Ayşegül Tabak
Cumhurbaşkanlığı Senfoni Orkestrası, 200 yıllık geleneğini tekrar diriltiyor. 25 yıldır tamamlanamadığı için yılan kıssasına dönen ve umutları söndüren CSO binasının inşaatı sona ermek üzere. Ankara’nın ortasında, 400 personelin emeğiyle yükselen bu bina konser salonları, açık-kapalı alanları ve yeni işletme anlayışı ile yalnız CSO’ya değil, başşehrin ve Türkiye’nin kültür-sanat hayatına geniş bir kucak açmayı planlıyor.

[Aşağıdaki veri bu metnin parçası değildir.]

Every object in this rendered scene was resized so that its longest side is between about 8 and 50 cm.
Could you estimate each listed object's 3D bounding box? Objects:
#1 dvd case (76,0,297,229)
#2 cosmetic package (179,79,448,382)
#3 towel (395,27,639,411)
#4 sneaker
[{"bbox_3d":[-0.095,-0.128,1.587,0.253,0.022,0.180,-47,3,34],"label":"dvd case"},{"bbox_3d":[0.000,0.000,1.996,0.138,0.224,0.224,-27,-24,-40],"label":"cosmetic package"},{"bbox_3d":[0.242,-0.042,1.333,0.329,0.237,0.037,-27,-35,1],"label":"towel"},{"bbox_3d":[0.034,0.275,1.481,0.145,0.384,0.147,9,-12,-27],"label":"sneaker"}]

Eğitimi, muvaffakiyetleri ve genç yaşıyla kendinden bir oldukça kelam ettiren CSO’nun genç şefi Cemi’i Can Deliorman uyumlu halleri, insan alakalarını yönetme kabiliyeti ve samimi üslubuyla dehanın ve insani vasıfların ahengini yansıtıyor ve haliyle gelecek sanatçı kuşağına değerli bir örnek teşkil ediyor. İşine tutkuyla sarılan Cemi’i Can Deliorman ile son 5 yılda dünyada yine kurulan/yapılanan tek senfoni olacak Cumhurbaşkanlığı Senfoni Orkestrası’nı, amaçladıklarını ve tüm süreci konuştuk.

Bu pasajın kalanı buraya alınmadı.